Hermano Manuel is part of the leadership of a small church plant about a half hour outside of the city. Every Sunday, both morning and evening, he drives out to the little church, usually taking two Casa Hogar children along with him. Today was the anniversary of the church, and I joined the large group that Hermano Manuel drove out to the church. This anniversary was not unlike the last church anniversary I attended, although more people were in attendance.
During the service, Kenia, Ana, a young college girl named Angeles, and I were in charge of the childrens´ class. More than 40 children, ranging in age from not yet two to 12 joined us for games, lessons, and songs.
Not too far into the class, the tiniest little one in the group started crying. She had been perched on her brother´s lap, but the little guy- barely bigger than his little sister- handed her over gratefully when I reached out to pick her up.
Probably about 18 months old, the little one was short and rather round.

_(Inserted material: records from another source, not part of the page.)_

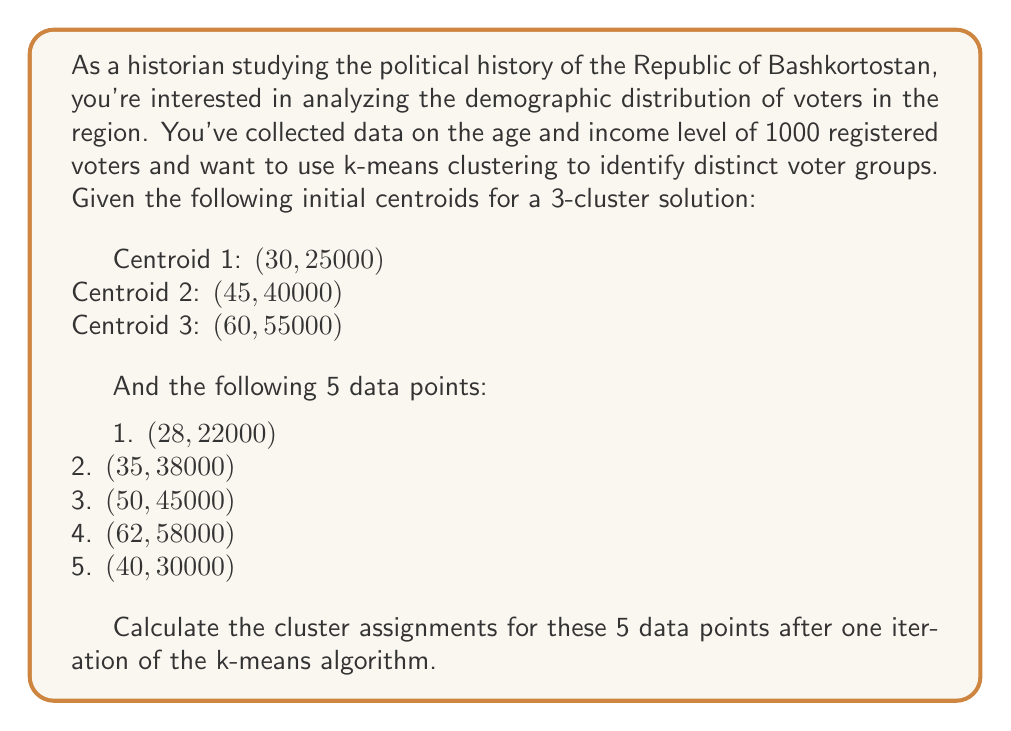Can you answer this question? To solve this problem, we'll follow these steps:

1. Calculate the Euclidean distance between each data point and each centroid.
2. Assign each data point to the cluster with the nearest centroid.

Let's start by calculating the distances:

For each data point $(x_i, y_i)$ and centroid $(c_x, c_y)$, we use the Euclidean distance formula:

$$ d = \sqrt{(x_i - c_x)^2 + (y_i - c_y)^2} $$

1. For point (28, 22000):
   - Distance to Centroid 1: $\sqrt{(28 - 30)^2 + (22000 - 25000)^2} = 3000.07$
   - Distance to Centroid 2: $\sqrt{(28 - 45)^2 + (22000 - 40000)^2} = 18017.11$
   - Distance to Centroid 3: $\sqrt{(28 - 60)^2 + (22000 - 55000)^2} = 33060.55$

2. For point (35, 38000):
   - Distance to Centroid 1: $\sqrt{(35 - 30)^2 + (38000 - 25000)^2} = 13000.19$
   - Distance to Centroid 2: $\sqrt{(35 - 45)^2 + (38000 - 40000)^2} = 10.20$
   - Distance to Centroid 3: $\sqrt{(35 - 60)^2 + (38000 - 55000)^2} = 17088.01$

3. For point (50, 45000):
   - Distance to Centroid 1: $\sqrt{(50 - 30)^2 + (45000 - 25000)^2} = 20615.53$
   - Distance to Centroid 2: $\sqrt{(50 - 45)^2 + (45000 - 40000)^2} = 5000.10$
   - Distance to Centroid 3: $\sqrt{(50 - 60)^2 + (45000 - 55000)^2} = 10049.88$

4. For point (62, 58000):
   - Distance to Centroid 1: $\sqrt{(62 - 30)^2 + (58000 - 25000)^2} = 33241.54$
   - Distance to Centroid 2: $\sqrt{(62 - 45)^2 + (58000 - 40000)^2} = 18110.77$
   - Distance to Centroid 3: $\sqrt{(62 - 60)^2 + (58000 - 55000)^2} = 3000.07$

5. For point (40, 30000):
   - Distance to Centroid 1: $\sqrt{(40 - 30)^2 + (30000 - 25000)^2} = 5009.99$
   - Distance to Centroid 2: $\sqrt{(40 - 45)^2 + (30000 - 40000)^2} = 10000.25$
   - Distance to Centroid 3: $\sqrt{(40 - 60)^2 + (30000 - 55000)^2} = 25019.96$

Now, we assign each point to the cluster with the nearest centroid:

1. Point (28, 22000): Closest to Centroid 1
2. Point (35, 38000): Closest to Centroid 2
3. Point (50, 45000): Closest to Centroid 2
4. Point (62, 58000): Closest to Centroid 3
5. Point (40, 30000): Closest to Centroid 1
Answer: The cluster assignments after one iteration of the k-means algorithm are:

1. (28, 22000): Cluster 1
2. (35, 38000): Cluster 2
3. (50, 45000): Cluster 2
4. (62, 58000): Cluster 3
5. (40, 30000): Cluster 1 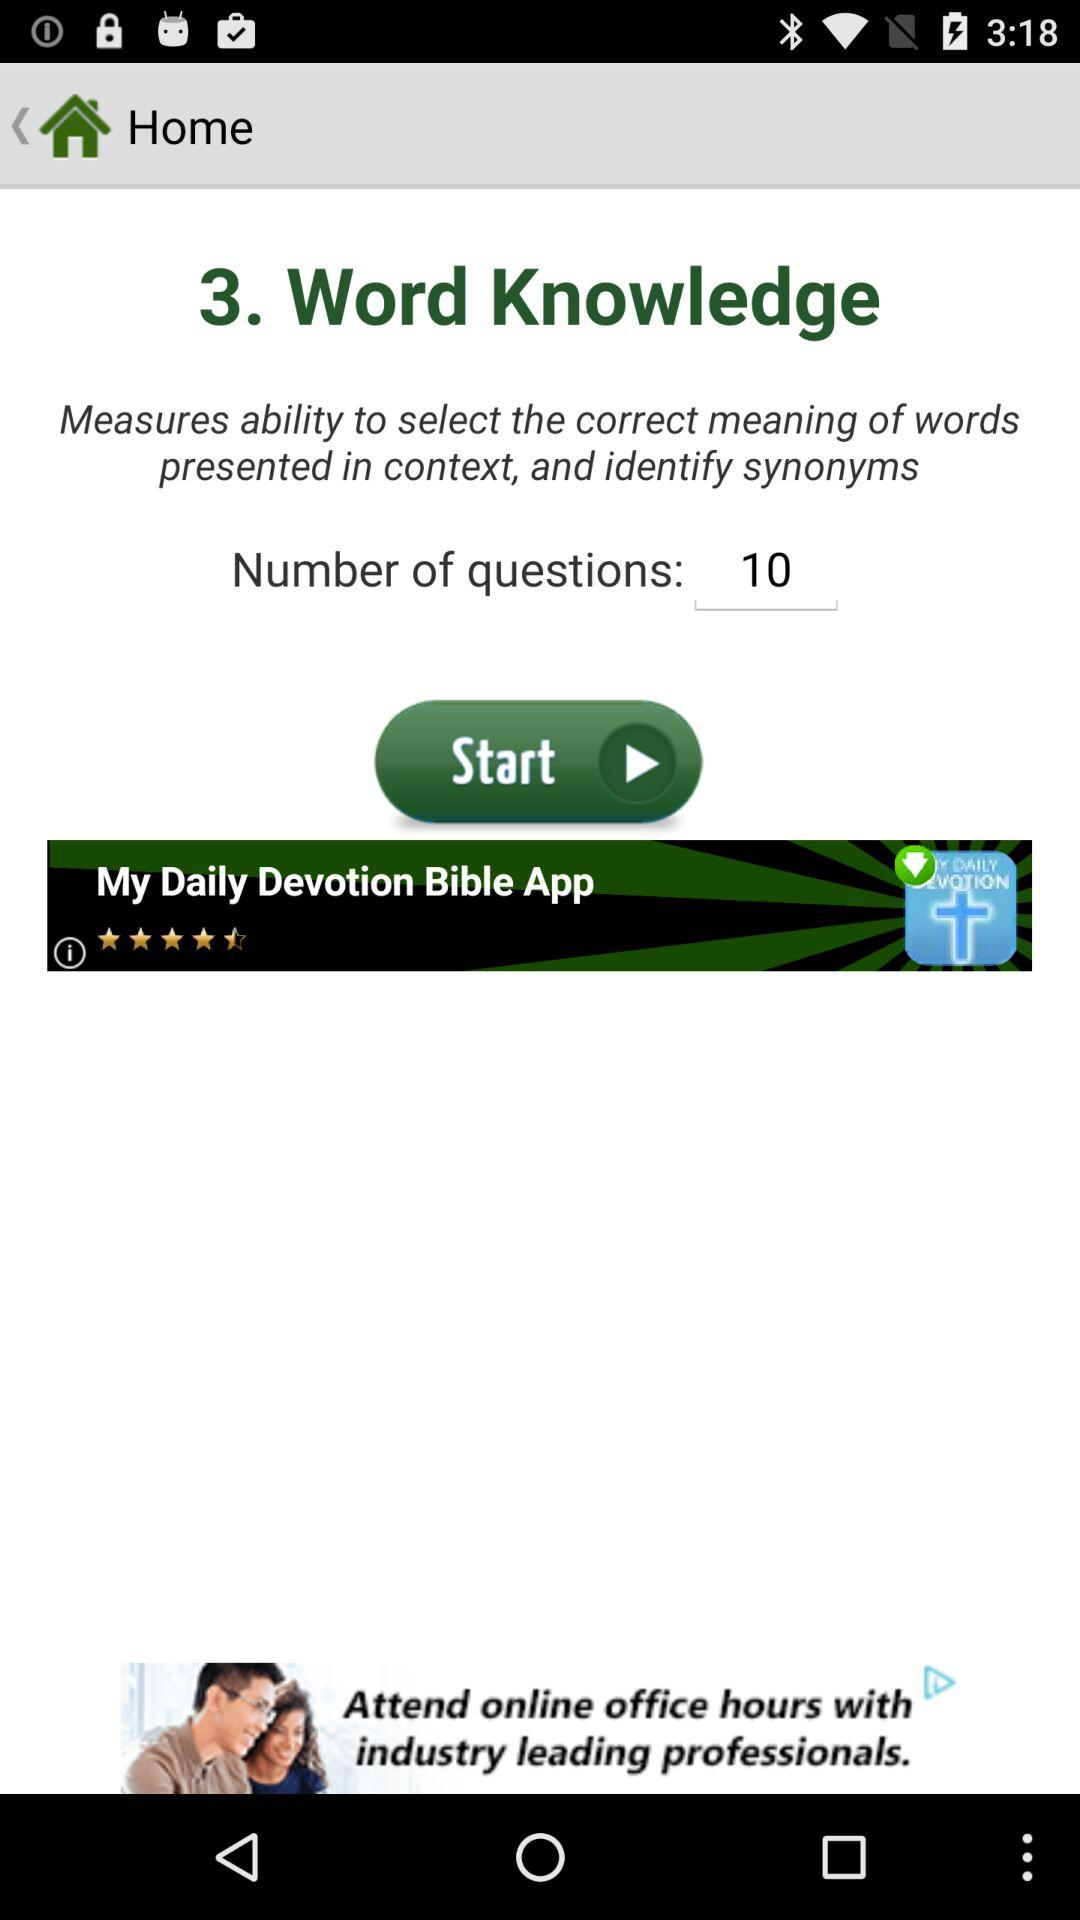How many more questions does the user need to answer to complete the assessment?
Answer the question using a single word or phrase. 10

She had six front teeth on top and bottom, and short hair which someone had managed to corral into a pony tail that stuck straight up about three inches off her head.
I held the the now very calm child in my arms for a couple minutes before she started to appear rather sleepy. I eased her down to a lying position, as one would hold a newborn, and minutes later she was snoring slightly, her pudgy hand flung up over her little nose.
40 minutes later, the service ended and the kids poured out of the tiny classroom into the bright sun. It was 4pm and time for lunch. And still the baby slept.
Fairly certain that when the baby´s mother wanted her, she would know where to find her, I took a seat at one of the long white tables and ate the cup of bean soup that was handed to me. I chatted with the little ones seated around me, and brushed the baby´s short hair to one side with the hand that was not supporting her weight on my lap.
The little one had been asleep more than an hour when I finshed my beans and Fanta. I glanced around, wondering idly to which woman the little one belonged to, when her little hands jerked up to her face and she rubbed her eyes open sleepily.
I righted her on my lap and looked around me, wondering if now that she was awake, the child´s mother, or aunt, or father, or sister, would claim her. Seeing no one coming forth, I leaned forward and asked the young girl across the table if the knew who the baby´s mother was.
The girl, probably about 15 years old, looked at my quizically, “No…” she paused, then she said, “I thought you were her mother·”
Minutes later, I had returned the little girl to her real mother (whom I had located quite easily), and was in the kitchen helping dish out cake. But even as I passed out napkin-fulls of rich chocolate cake, I kind of missed the little baby girl.
p.s. We are having some internet issues, which will hopefully be resolved by next weekend. So If I am posting less frequently than normal, don´t worry!